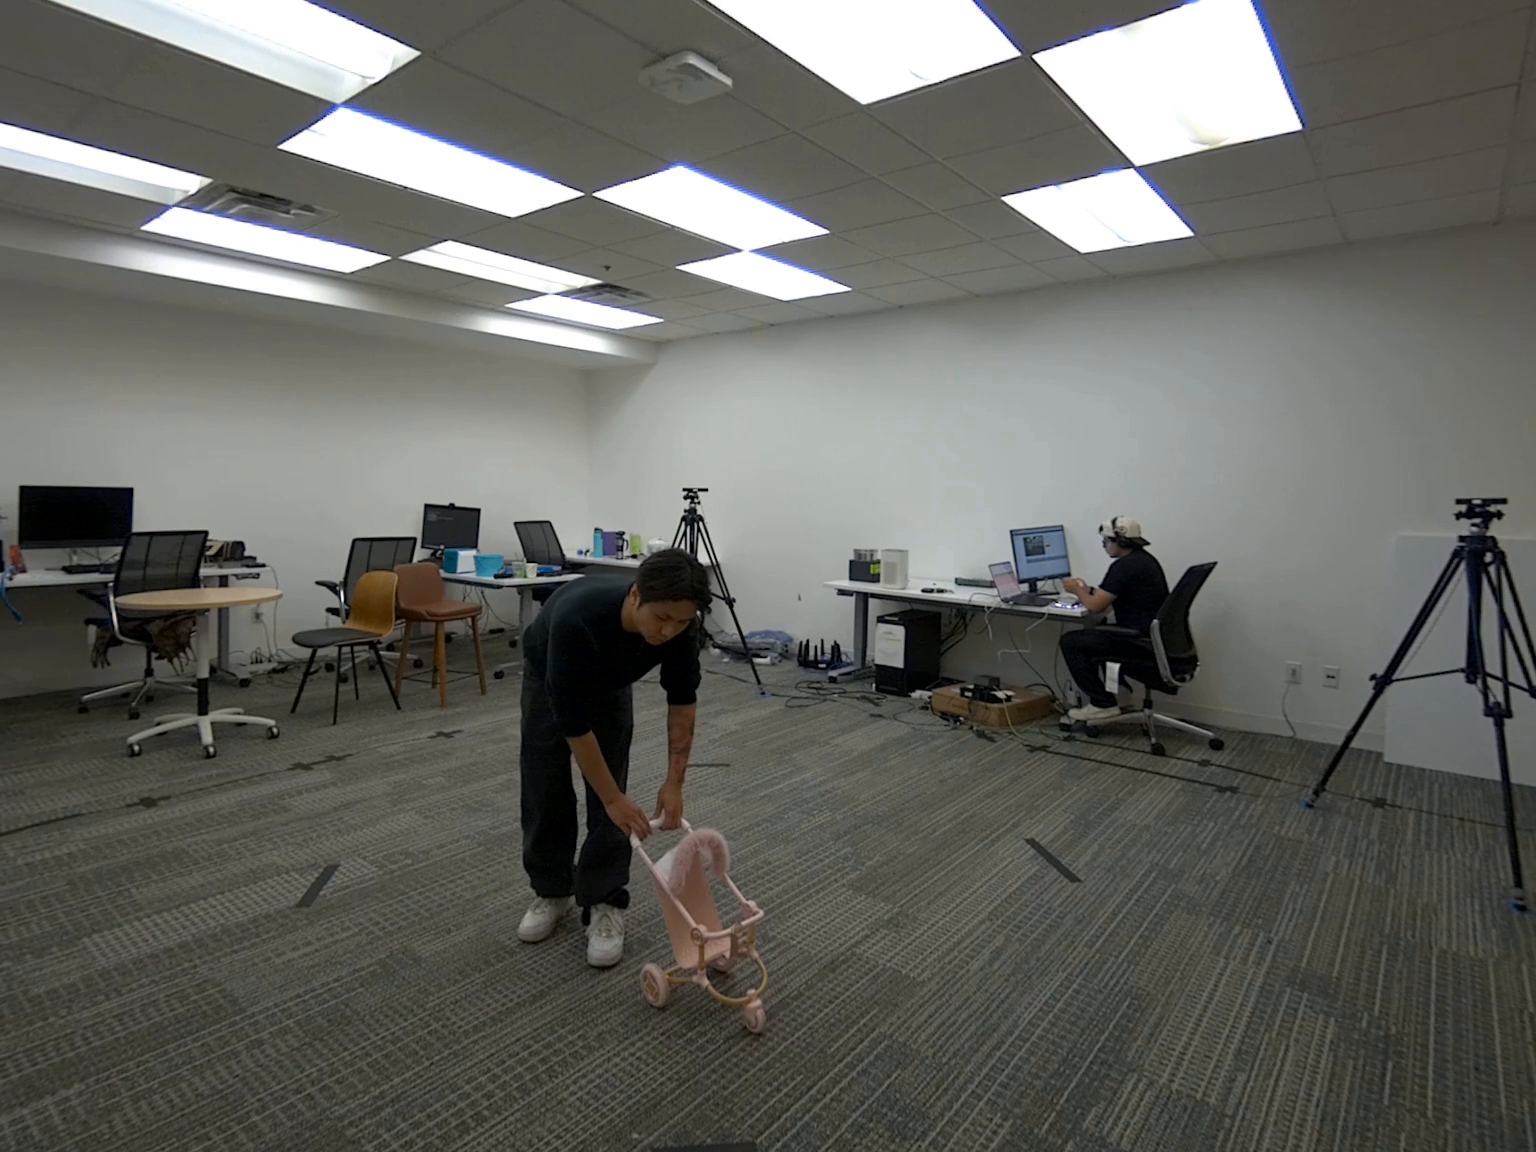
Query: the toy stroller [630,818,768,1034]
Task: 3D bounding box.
[{"bbox_3d":[-0.176,0.923,2.307,0.273,0.541,0.348,-3,-12,-42],"label":"toy stroller"}]
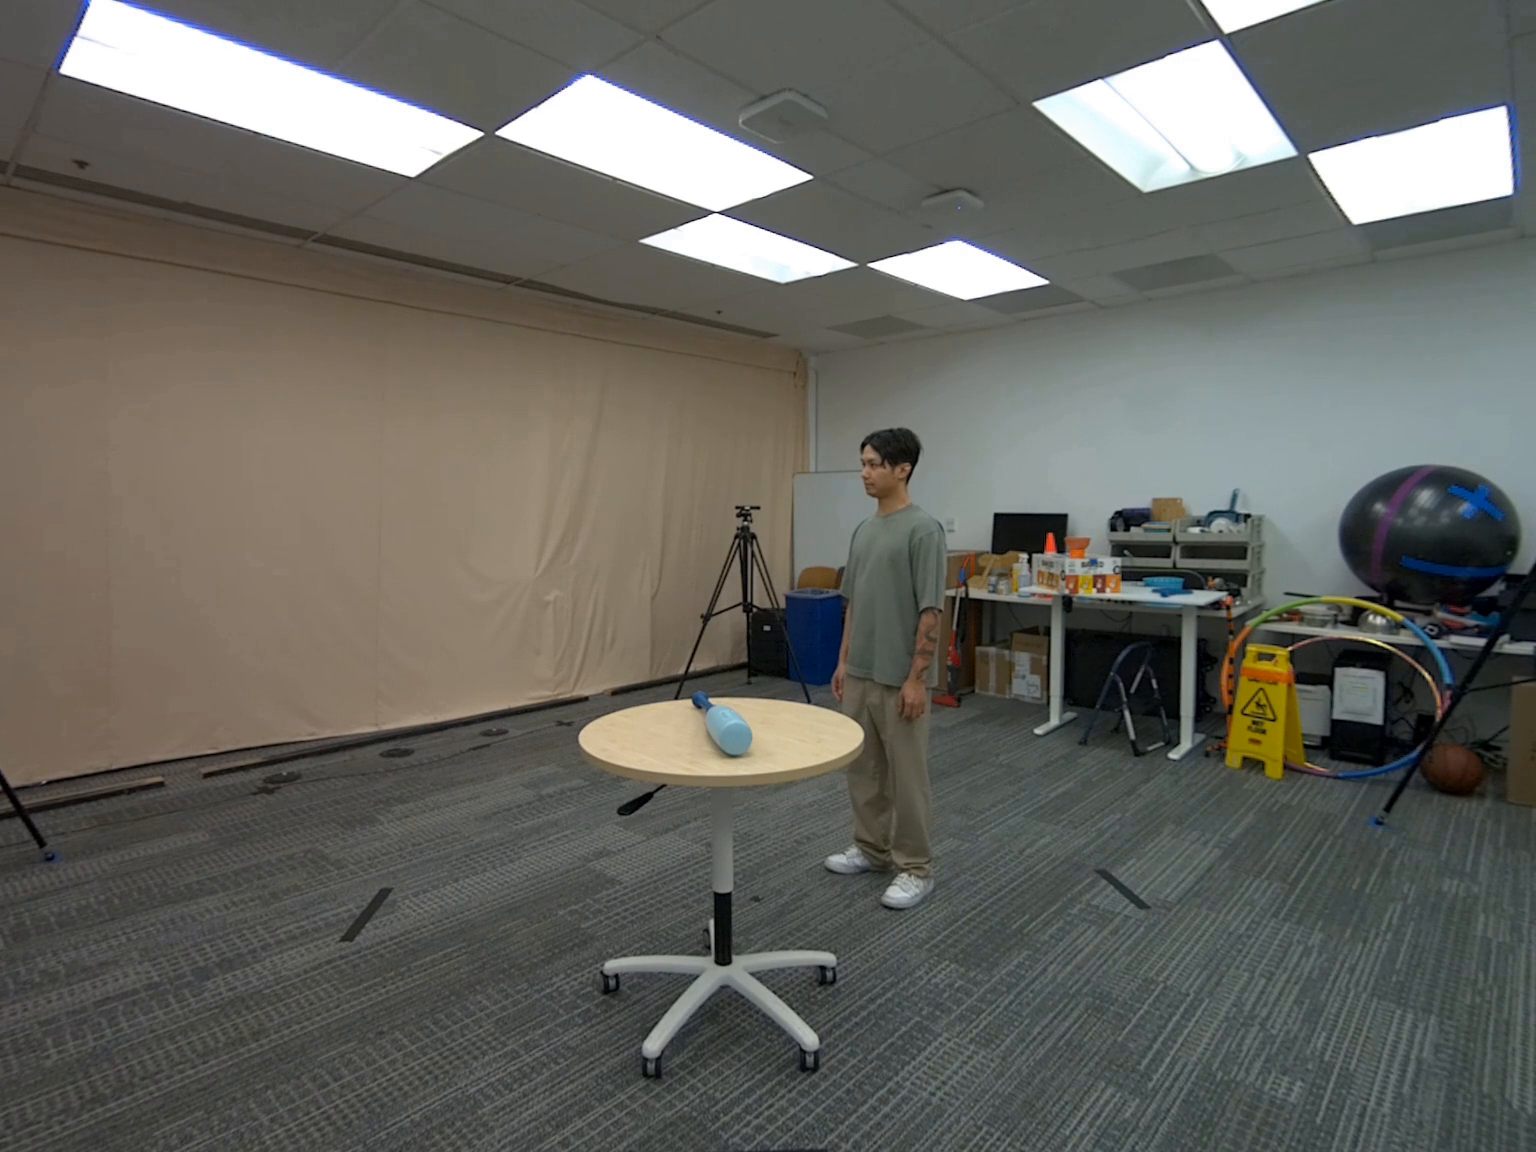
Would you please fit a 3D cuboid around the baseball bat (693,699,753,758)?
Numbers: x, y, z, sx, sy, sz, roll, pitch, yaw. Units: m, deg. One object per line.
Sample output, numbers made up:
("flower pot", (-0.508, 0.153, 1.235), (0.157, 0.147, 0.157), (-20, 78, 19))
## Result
("baseball bat", (-0.140, 0.384, 2.278), (0.087, 0.089, 0.552), (-1, 2, -16))

Your task ▸ What is needed is an exact copy of the records above, with no pictures in it.

Written solution ▸
Query: the toy stroller [630,818,768,1034]
Task: 3D bounding box.
[{"bbox_3d":[-0.176,0.923,2.307,0.273,0.541,0.348,-3,-12,-42],"label":"toy stroller"}]
Would you please fit a 3D cuboid around the baseball bat (693,699,753,758)?
Numbers: x, y, z, sx, sy, sz, roll, pitch, yaw. Units: m, deg. One object per line.
Sample output, numbers made up:
("flower pot", (-0.508, 0.153, 1.235), (0.157, 0.147, 0.157), (-20, 78, 19))
## Result
("baseball bat", (-0.140, 0.384, 2.278), (0.087, 0.089, 0.552), (-1, 2, -16))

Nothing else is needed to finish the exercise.